Jared Homola, Ph.D. student, University of Maine

Understanding how animals move across a landscape is important to the Of Pools and People research team, as well as ecologists studying populations of many other animals. For decades, researchers have used direct tagging methods that physically mark individual animals to learn about their movements. For these approaches, animals are often captured, marked, then must be recaptured to gather data on their movements. In other cases, movement can be tracked by following radio signals or fluorescent tracing powder left behind by the animal. Such tagging studies continue to provide important and reliable information on animal movements; however, these approaches are not ideal for all applications. For instance, repeatedly capturing the same individuals can be difficult, especially for cryptic or rare species. Additionally, data collected from direct tagging usually only provides information on animal movement between capture events. Because of these limitations, direct tagging approaches are sometimes paired with information drawn from the genetics of individuals in order to gain a better understanding of how animals move over extended time and spatial scales.

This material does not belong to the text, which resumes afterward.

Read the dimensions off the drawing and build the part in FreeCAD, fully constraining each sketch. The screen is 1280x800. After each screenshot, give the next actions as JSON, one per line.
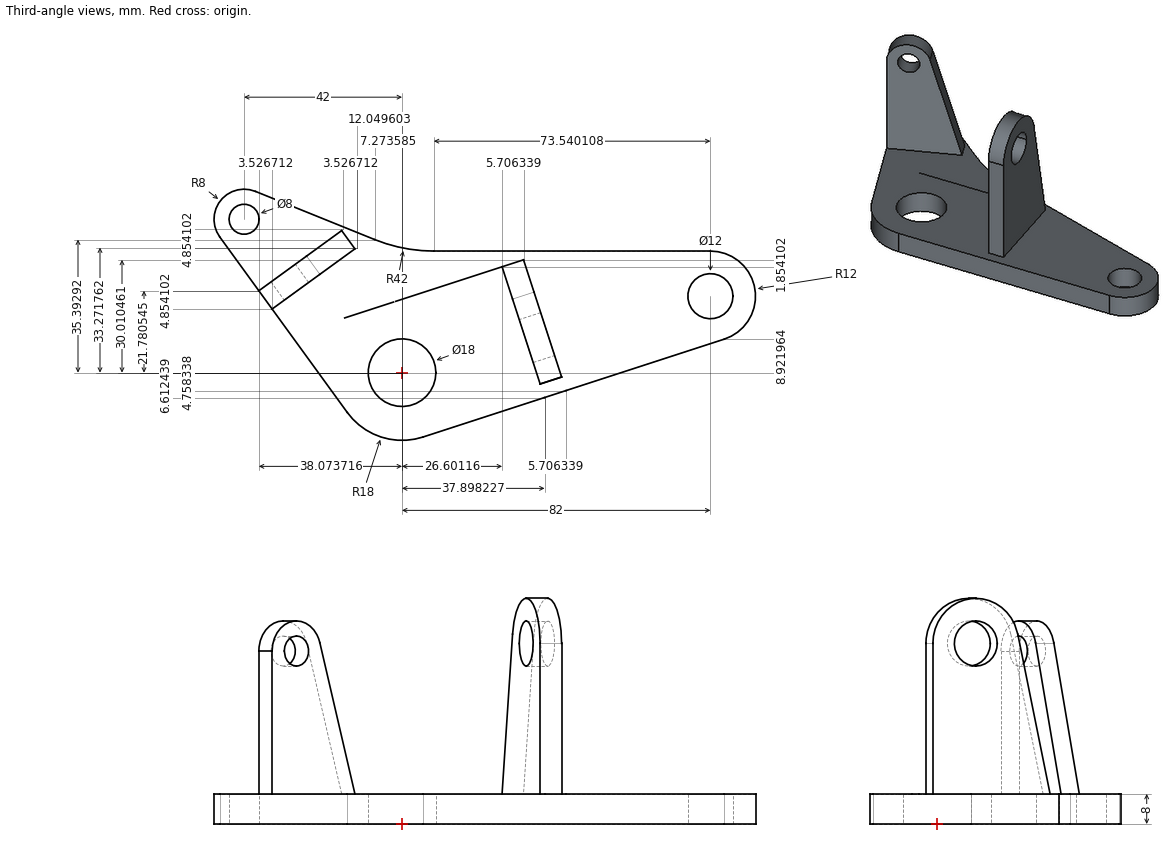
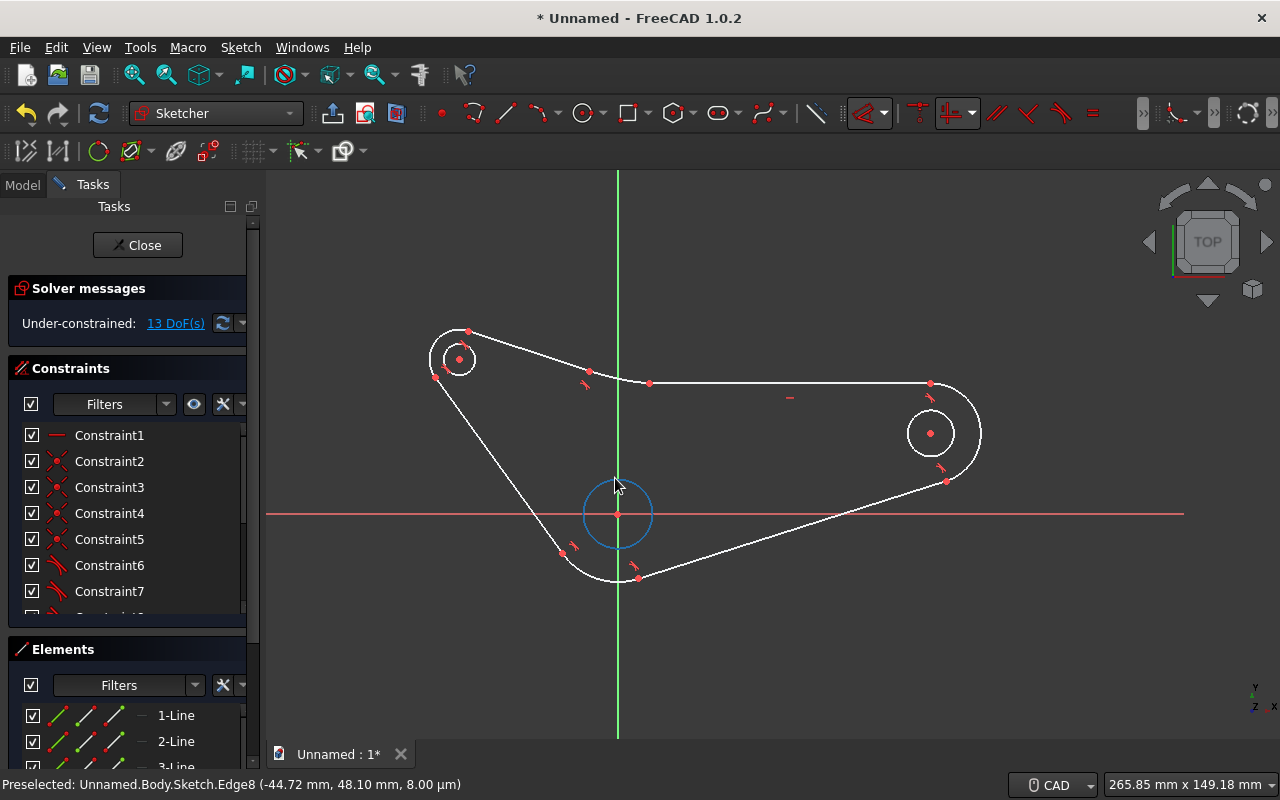
{"action": "left_click", "coordinate": [581, 571]}

But how can genetics provide information on animal movement? This is often accomplished by comparing how similar the genetics of two (or more) populations are to each other. For example, if two populations are very similar at the genetic level, we can usually assume that individuals are frequently moving between the populations. Conversely, strong differences in genetic characteristics can indicate that individuals are not moving between populations, which could be due to some sort of barrier stopping movement or simply because the populations are spread far from each other on the landscape. In recent years, a wide variety of statistical methods have been developed based on quantifying inter-population genetic differences. These approaches allow researchers to visualize how the landscape can influence movements of animals (see Figure 1), enabling the identification and conservation of habitats that are important to movement.

Because genetic patterns are established over many generations, these approaches provide insight across longer time scales, although at a courser resolution, than direct tagging methods. Additionally, because only a single capture event is necessary to collect tissue for genetic analyses, information can be gathered on species that would otherwise be difficult to track. These unique qualities make genetic analysis of individual movement a valuable complementary approach to more commonly applied direct tagging methods.

References: 

Blair, C., V.H.J. Arcos, F.R. Mendez de la Cruz, and R.W. Murphy. 2013. Landscape genetics of leaf-toed geckos in the tropical dry forest of northern Mexico. PLoS One 8(2):e57433.